Tech

Motional CEO hints at an autonomous future in logistics

Motional, the $4 billion joint venture between Aptiv and Hyundai, is exploring the company’s potential involvement in autonomous trucking or logistics, its CEO said today during a live session at TechCrunch’s 2021 Mobility Event.

“The beauty of what’s on the other side of the coin is that the same core technology can of course apply to multiple use cases,” said Karl Iagnemma on the panel led by TechCrunch transportation editor Kirsten Korosec, who asked about Motional’s intention to expand its business model into trucking. “It’s similar, it’s not the same, but it’s similar. And so we are actively exploring other use cases. We will have additional activity in this area. We don’t have anything to announce today. But more to come.”

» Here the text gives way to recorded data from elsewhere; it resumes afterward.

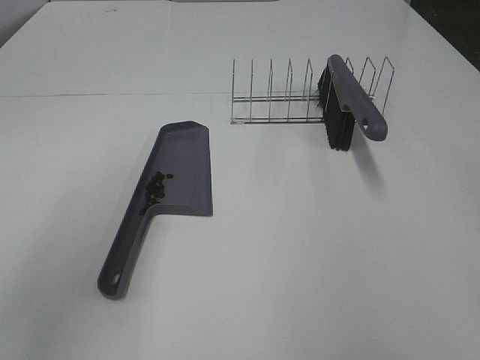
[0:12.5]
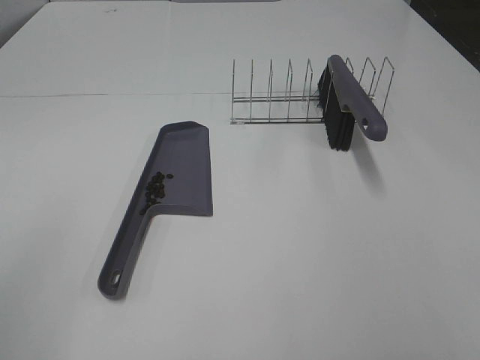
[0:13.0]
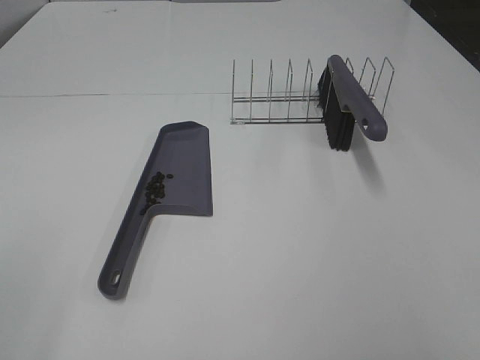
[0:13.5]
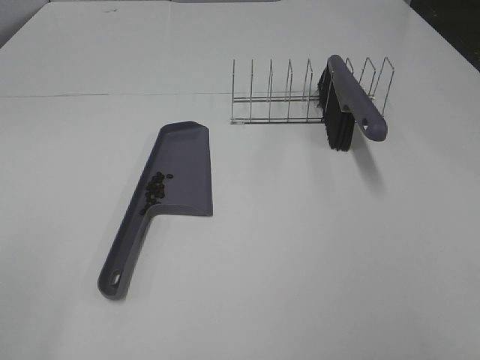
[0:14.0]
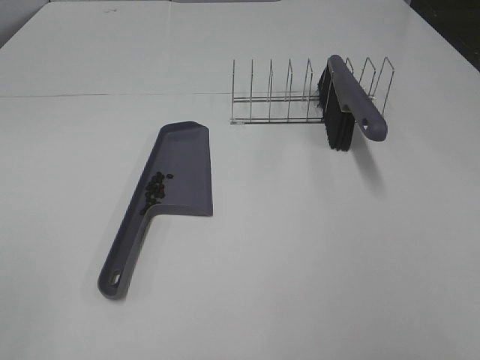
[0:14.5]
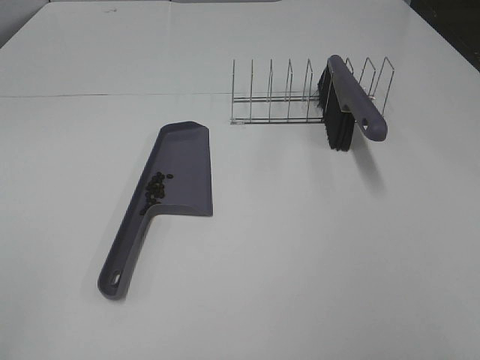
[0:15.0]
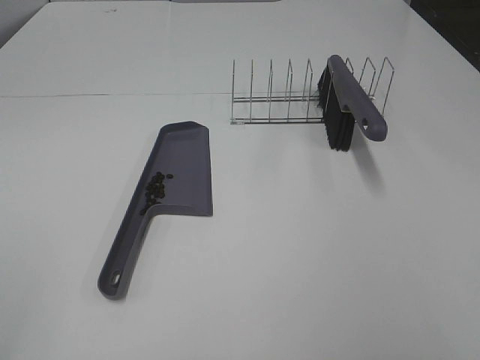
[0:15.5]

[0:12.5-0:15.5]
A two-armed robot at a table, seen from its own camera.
Task of the whole recording: Sweep Coffee Bean.
0:12.5 to 0:14.0: The left gripper goes some 20 cm backward and to the left.

While Motional still believes the biggest economic opportunity comes from solving the hard technological problems of autonomy in the service of moving people, AKA the robotaxi model, Iagnemma recognized the same hard problems — perception, planning, decision making, localization — lie at the core of autonomy, whether that’s moving people or parcels.

“We’re looking for a great business opportunity that has the closest adjacency from a technical perspective to the stack that we’re currently developing,” said Iagnemma, responding to what is most appealing in the delivery and logistics model. “That’s really what it boils down to. These different use cases have, in some cases, quite dramatically different business cases around them, the opportunity looks quite different. And so that helps us score rank order internally. What presents an interesting opportunity? And then again, we tried to align that toward our current technology development path to say, hey, this would be the least incremental effort for the biggest incremental opportunity. That’s how we sort of guide our strategy, internally at Motional.”

For his part, Chris Urmson, co-founder and CEO of autonomous vehicle company Aurora, and the other panelist on the session, admitted that ride-hailing and moving people with automated vehicles will ultimately be both a transformational business and one that surpasses trucking in the long term. Aurora is currently focused on freight applications, rather than robotaxi, for a number of reasons, including the ability to scale now.

“[The robotaxi] market will take time to evolve, whereas the freight and trucking market is here today,” said Urmson.

Both panelists agreed that there’s no low-hanging fruit in the autonomous world. The problem of self-driving vehicles is difficult to solve, but Urmson argues it’s perhaps a bit easier to solve with trucking, where you don’t have to reckon with the amount of variability in the road network of a city. Building an autonomous stack to drive on freeways is easier due to their mostly uniform nature.

“So once you crack the initial nut of having the technology working in that operational defined design domain, the rollout moves from a technological expansion to an operational expansion,” said Urmson. “And that looks more like kind of a conventional business. So we think that’s a way to be scaling the business and operations and generating the revenue stream that allows us to then go and really take that core technology and apply it into ride hailing and build an exciting business in that space as well.”